What’s emerging is a new ecosystem where nonfinancial companies integrate banking directly into their offerings. According to McKinsey, platforms that integrate financial services experience a twofold increase in customer engagement, and often expand revenue per user by 15% to 20%.

Why SMBs Should Be At The Center Of This Shift

Small and medium-sized businesses (SMBs) have long been underserved by legacy financial institutions. Embedded finance helps flip the script, delivering faster access to capital, integrated services and fewer barriers to growth.

According to Adyen and BCG data, 50% of SMBs are highly likely to adopt a full suite of embedded finance tools. What started with payments has expanded into lending, insurance and cash flow services embedded directly into the tools SMBs already use, like point-of-sale systems, payroll software and logistics dashboards.

For many SMBs, this is a game changer. For the first time, they can operate with the kind of agility and infrastructure once limited to large enterprises.

Adopting Embedded Finance For Your Business

Here are a few things to consider when adopting embedded finance into your operations:

Does embedded finance enhance your core offering, or distract from it?

If you’re a marketplace or SaaS platform that connects buyers and sellers, embedding payments or credit can enhance your value by addressing real customer needs. For example, offering seller financing, integrated payments and cash advances to merchants based on sales activity to buyers can deepen loyalty and boost engagement.
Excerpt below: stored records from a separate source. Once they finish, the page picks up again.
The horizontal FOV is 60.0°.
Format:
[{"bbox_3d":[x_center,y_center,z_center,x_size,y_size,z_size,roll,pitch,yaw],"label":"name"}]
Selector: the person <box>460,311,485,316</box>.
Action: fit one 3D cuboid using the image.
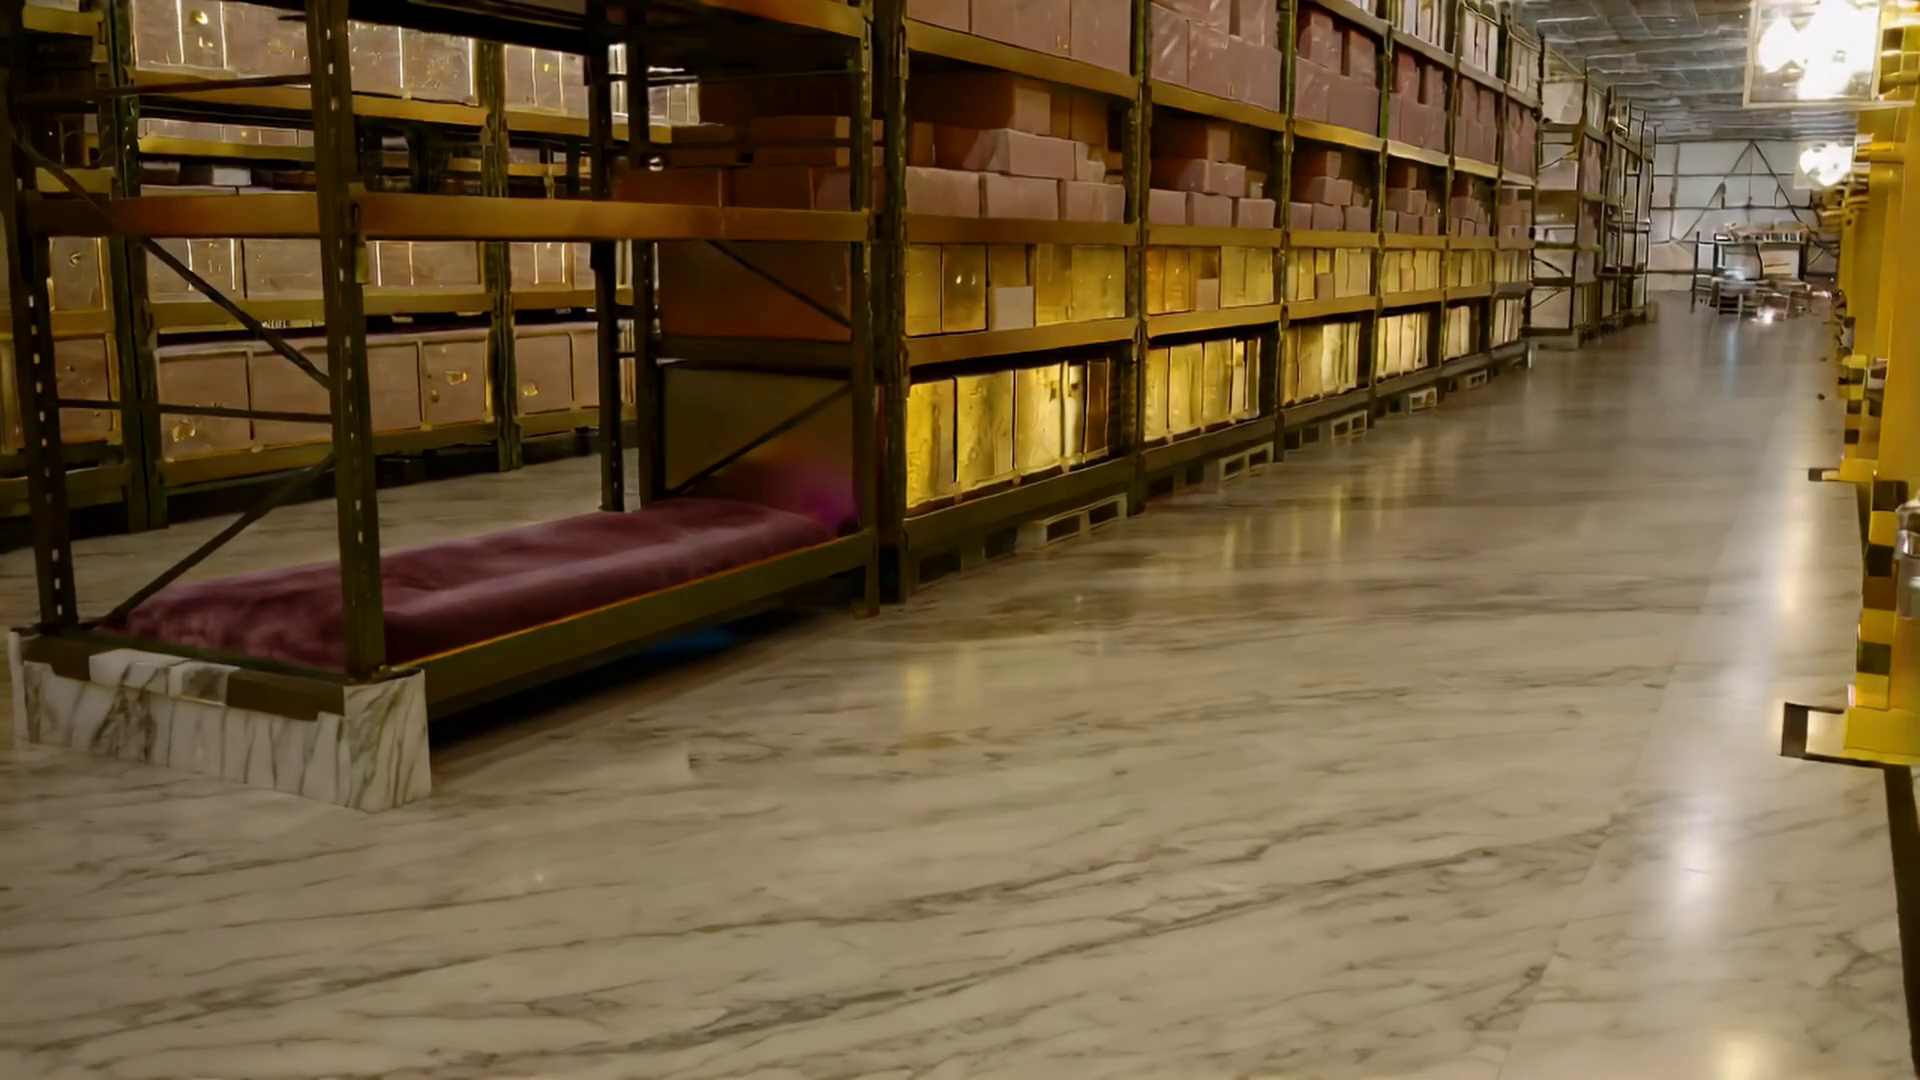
[{"bbox_3d":[-6.096,-2.420,21.373,0.600,1.836,0.404,-2,10,-12],"label":"person"}]

As an example, Etsy integrated payments and seller financing into its platform. Sellers now receive seamless payments and access to working capital, which is fully aligned with Etsy’s mission to empower small sellers. However, if financial services are far from your core value proposition, embedding them may add complexity without clear benefits.

Is the embedded model complementary or competitive with your business?

Embedded finance works best when it supports your platform rather than competes with it. For instance, a SaaS platform serving contractors might offer instant payouts, equipment financing and/or built-in business credit monitoring to enhance the customer experience without diverting focus from the platform’s core function.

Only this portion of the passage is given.